Despite the show’s sometimes difficult subject matter, Fogo-Toussaint tells THR that she ultimately spent more time addressing with cast members the day-to-day anxieties typical of any actor in a production, a sign that more theaters might benefit from having the same kind of support available onsite to their companies, neurodivergent or not. 

“She’s been amazing with all of our players, and is able to connect individually and provide coping mechanisms, not just for the content of the show,” Therrien says. “It’s been wonderful to have her help with everyday rehearsal anxieties, trouble processing your emotions or time management — which are amplified when you identify as a neurodivergent individual.”

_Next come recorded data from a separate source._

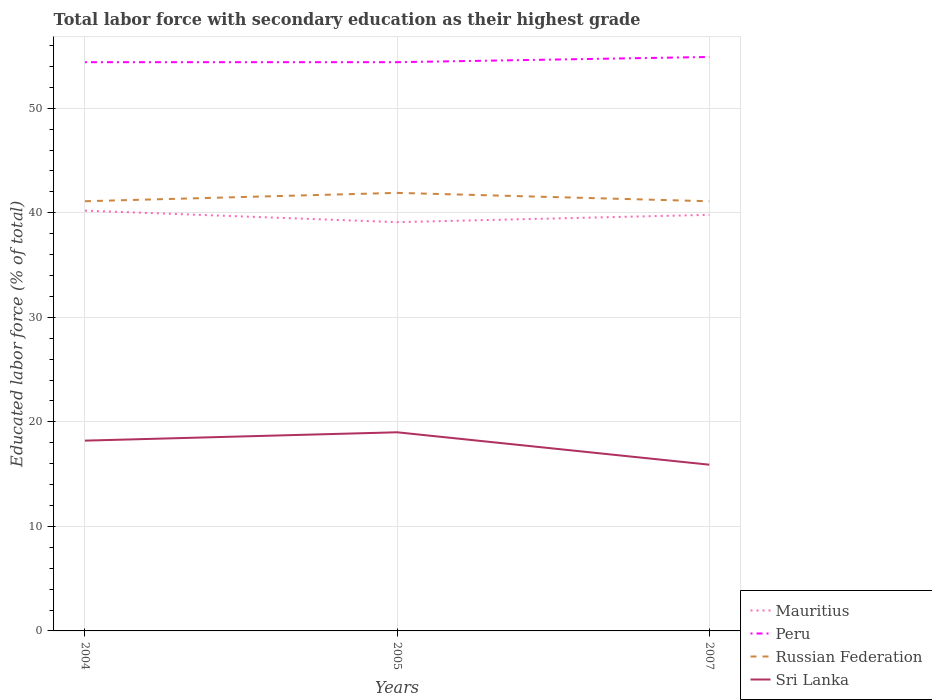Across all years, what is the maximum percentage of total labor force with primary education in Mauritius?
Your response must be concise. 39.1. In which year was the percentage of total labor force with primary education in Sri Lanka maximum?
Give a very brief answer. 2007. What is the total percentage of total labor force with primary education in Mauritius in the graph?
Your answer should be compact. 1.1. What is the difference between the highest and the second highest percentage of total labor force with primary education in Peru?
Your answer should be very brief. 0.5. What is the difference between the highest and the lowest percentage of total labor force with primary education in Peru?
Provide a short and direct response. 1. How many years are there in the graph?
Provide a succinct answer. 3. What is the difference between two consecutive major ticks on the Y-axis?
Offer a terse response. 10. Does the graph contain any zero values?
Give a very brief answer. No. How are the legend labels stacked?
Provide a short and direct response. Vertical. What is the title of the graph?
Provide a short and direct response. Total labor force with secondary education as their highest grade. What is the label or title of the X-axis?
Your answer should be compact. Years. What is the label or title of the Y-axis?
Your response must be concise. Educated labor force (% of total). What is the Educated labor force (% of total) of Mauritius in 2004?
Your response must be concise. 40.2. What is the Educated labor force (% of total) of Peru in 2004?
Your answer should be very brief. 54.4. What is the Educated labor force (% of total) of Russian Federation in 2004?
Give a very brief answer. 41.1. What is the Educated labor force (% of total) in Sri Lanka in 2004?
Provide a succinct answer. 18.2. What is the Educated labor force (% of total) of Mauritius in 2005?
Your response must be concise. 39.1. What is the Educated labor force (% of total) in Peru in 2005?
Your answer should be compact. 54.4. What is the Educated labor force (% of total) of Russian Federation in 2005?
Your answer should be very brief. 41.9. What is the Educated labor force (% of total) of Mauritius in 2007?
Make the answer very short. 39.8. What is the Educated labor force (% of total) of Peru in 2007?
Your response must be concise. 54.9. What is the Educated labor force (% of total) in Russian Federation in 2007?
Ensure brevity in your answer.  41.1. What is the Educated labor force (% of total) of Sri Lanka in 2007?
Offer a terse response. 15.9. Across all years, what is the maximum Educated labor force (% of total) of Mauritius?
Give a very brief answer. 40.2. Across all years, what is the maximum Educated labor force (% of total) of Peru?
Provide a succinct answer. 54.9. Across all years, what is the maximum Educated labor force (% of total) in Russian Federation?
Ensure brevity in your answer.  41.9. Across all years, what is the maximum Educated labor force (% of total) of Sri Lanka?
Your response must be concise. 19. Across all years, what is the minimum Educated labor force (% of total) of Mauritius?
Offer a terse response. 39.1. Across all years, what is the minimum Educated labor force (% of total) of Peru?
Provide a succinct answer. 54.4. Across all years, what is the minimum Educated labor force (% of total) of Russian Federation?
Ensure brevity in your answer.  41.1. Across all years, what is the minimum Educated labor force (% of total) in Sri Lanka?
Provide a succinct answer. 15.9. What is the total Educated labor force (% of total) of Mauritius in the graph?
Your answer should be compact. 119.1. What is the total Educated labor force (% of total) of Peru in the graph?
Your answer should be compact. 163.7. What is the total Educated labor force (% of total) of Russian Federation in the graph?
Provide a succinct answer. 124.1. What is the total Educated labor force (% of total) of Sri Lanka in the graph?
Your answer should be compact. 53.1. What is the difference between the Educated labor force (% of total) in Mauritius in 2004 and that in 2005?
Your response must be concise. 1.1. What is the difference between the Educated labor force (% of total) in Peru in 2004 and that in 2005?
Your answer should be compact. 0. What is the difference between the Educated labor force (% of total) of Sri Lanka in 2004 and that in 2005?
Your answer should be compact. -0.8. What is the difference between the Educated labor force (% of total) in Mauritius in 2005 and that in 2007?
Your answer should be compact. -0.7. What is the difference between the Educated labor force (% of total) in Sri Lanka in 2005 and that in 2007?
Your answer should be very brief. 3.1. What is the difference between the Educated labor force (% of total) of Mauritius in 2004 and the Educated labor force (% of total) of Sri Lanka in 2005?
Your answer should be very brief. 21.2. What is the difference between the Educated labor force (% of total) in Peru in 2004 and the Educated labor force (% of total) in Russian Federation in 2005?
Give a very brief answer. 12.5. What is the difference between the Educated labor force (% of total) of Peru in 2004 and the Educated labor force (% of total) of Sri Lanka in 2005?
Your response must be concise. 35.4. What is the difference between the Educated labor force (% of total) of Russian Federation in 2004 and the Educated labor force (% of total) of Sri Lanka in 2005?
Offer a terse response. 22.1. What is the difference between the Educated labor force (% of total) in Mauritius in 2004 and the Educated labor force (% of total) in Peru in 2007?
Ensure brevity in your answer.  -14.7. What is the difference between the Educated labor force (% of total) of Mauritius in 2004 and the Educated labor force (% of total) of Russian Federation in 2007?
Give a very brief answer. -0.9. What is the difference between the Educated labor force (% of total) in Mauritius in 2004 and the Educated labor force (% of total) in Sri Lanka in 2007?
Provide a short and direct response. 24.3. What is the difference between the Educated labor force (% of total) of Peru in 2004 and the Educated labor force (% of total) of Russian Federation in 2007?
Provide a succinct answer. 13.3. What is the difference between the Educated labor force (% of total) in Peru in 2004 and the Educated labor force (% of total) in Sri Lanka in 2007?
Your answer should be compact. 38.5. What is the difference between the Educated labor force (% of total) of Russian Federation in 2004 and the Educated labor force (% of total) of Sri Lanka in 2007?
Offer a very short reply. 25.2. What is the difference between the Educated labor force (% of total) of Mauritius in 2005 and the Educated labor force (% of total) of Peru in 2007?
Provide a succinct answer. -15.8. What is the difference between the Educated labor force (% of total) in Mauritius in 2005 and the Educated labor force (% of total) in Sri Lanka in 2007?
Provide a succinct answer. 23.2. What is the difference between the Educated labor force (% of total) in Peru in 2005 and the Educated labor force (% of total) in Sri Lanka in 2007?
Your response must be concise. 38.5. What is the average Educated labor force (% of total) of Mauritius per year?
Your answer should be compact. 39.7. What is the average Educated labor force (% of total) in Peru per year?
Make the answer very short. 54.57. What is the average Educated labor force (% of total) in Russian Federation per year?
Offer a terse response. 41.37. What is the average Educated labor force (% of total) in Sri Lanka per year?
Your response must be concise. 17.7. In the year 2004, what is the difference between the Educated labor force (% of total) in Mauritius and Educated labor force (% of total) in Peru?
Provide a short and direct response. -14.2. In the year 2004, what is the difference between the Educated labor force (% of total) in Peru and Educated labor force (% of total) in Russian Federation?
Ensure brevity in your answer.  13.3. In the year 2004, what is the difference between the Educated labor force (% of total) of Peru and Educated labor force (% of total) of Sri Lanka?
Keep it short and to the point. 36.2. In the year 2004, what is the difference between the Educated labor force (% of total) of Russian Federation and Educated labor force (% of total) of Sri Lanka?
Ensure brevity in your answer.  22.9. In the year 2005, what is the difference between the Educated labor force (% of total) in Mauritius and Educated labor force (% of total) in Peru?
Your answer should be compact. -15.3. In the year 2005, what is the difference between the Educated labor force (% of total) in Mauritius and Educated labor force (% of total) in Russian Federation?
Give a very brief answer. -2.8. In the year 2005, what is the difference between the Educated labor force (% of total) of Mauritius and Educated labor force (% of total) of Sri Lanka?
Provide a short and direct response. 20.1. In the year 2005, what is the difference between the Educated labor force (% of total) of Peru and Educated labor force (% of total) of Sri Lanka?
Provide a short and direct response. 35.4. In the year 2005, what is the difference between the Educated labor force (% of total) in Russian Federation and Educated labor force (% of total) in Sri Lanka?
Keep it short and to the point. 22.9. In the year 2007, what is the difference between the Educated labor force (% of total) of Mauritius and Educated labor force (% of total) of Peru?
Ensure brevity in your answer.  -15.1. In the year 2007, what is the difference between the Educated labor force (% of total) in Mauritius and Educated labor force (% of total) in Sri Lanka?
Keep it short and to the point. 23.9. In the year 2007, what is the difference between the Educated labor force (% of total) in Russian Federation and Educated labor force (% of total) in Sri Lanka?
Give a very brief answer. 25.2. What is the ratio of the Educated labor force (% of total) of Mauritius in 2004 to that in 2005?
Ensure brevity in your answer.  1.03. What is the ratio of the Educated labor force (% of total) of Peru in 2004 to that in 2005?
Your response must be concise. 1. What is the ratio of the Educated labor force (% of total) of Russian Federation in 2004 to that in 2005?
Ensure brevity in your answer.  0.98. What is the ratio of the Educated labor force (% of total) in Sri Lanka in 2004 to that in 2005?
Provide a succinct answer. 0.96. What is the ratio of the Educated labor force (% of total) in Mauritius in 2004 to that in 2007?
Provide a short and direct response. 1.01. What is the ratio of the Educated labor force (% of total) in Peru in 2004 to that in 2007?
Provide a short and direct response. 0.99. What is the ratio of the Educated labor force (% of total) of Russian Federation in 2004 to that in 2007?
Provide a short and direct response. 1. What is the ratio of the Educated labor force (% of total) in Sri Lanka in 2004 to that in 2007?
Your answer should be very brief. 1.14. What is the ratio of the Educated labor force (% of total) of Mauritius in 2005 to that in 2007?
Offer a terse response. 0.98. What is the ratio of the Educated labor force (% of total) in Peru in 2005 to that in 2007?
Ensure brevity in your answer.  0.99. What is the ratio of the Educated labor force (% of total) of Russian Federation in 2005 to that in 2007?
Ensure brevity in your answer.  1.02. What is the ratio of the Educated labor force (% of total) in Sri Lanka in 2005 to that in 2007?
Give a very brief answer. 1.2. What is the difference between the highest and the second highest Educated labor force (% of total) of Mauritius?
Your answer should be very brief. 0.4. What is the difference between the highest and the second highest Educated labor force (% of total) in Peru?
Provide a short and direct response. 0.5. What is the difference between the highest and the second highest Educated labor force (% of total) in Russian Federation?
Your answer should be very brief. 0.8. What is the difference between the highest and the lowest Educated labor force (% of total) in Mauritius?
Keep it short and to the point. 1.1. What is the difference between the highest and the lowest Educated labor force (% of total) in Peru?
Offer a terse response. 0.5. What is the difference between the highest and the lowest Educated labor force (% of total) of Russian Federation?
Ensure brevity in your answer.  0.8.

In line with EPIC’s overall approach to producing theater, which typically focuses on shows that don’t inherently feature neurodivergent roles, Burbee and Therrien say that they worked in tandem with a therapist, intimacy director and choreographer (Miles Butler) to create a show that “kept the intimacy, kept these important themes, allowing our artists to explore sex and intimacy with these characters” according to Therrien, while “working within the container of what the actor is comfortable with,” adds Burbee. 

“Although we have all of these access supports in place and tools, our actors are very much held to a professional standard,” Therrien tells THR. “They’re paid for their work and they are appreciated for their work. Just because you need to advocate for yourself does not make you less of a professional. That is what needs to be changed in more commercial and professional theater.”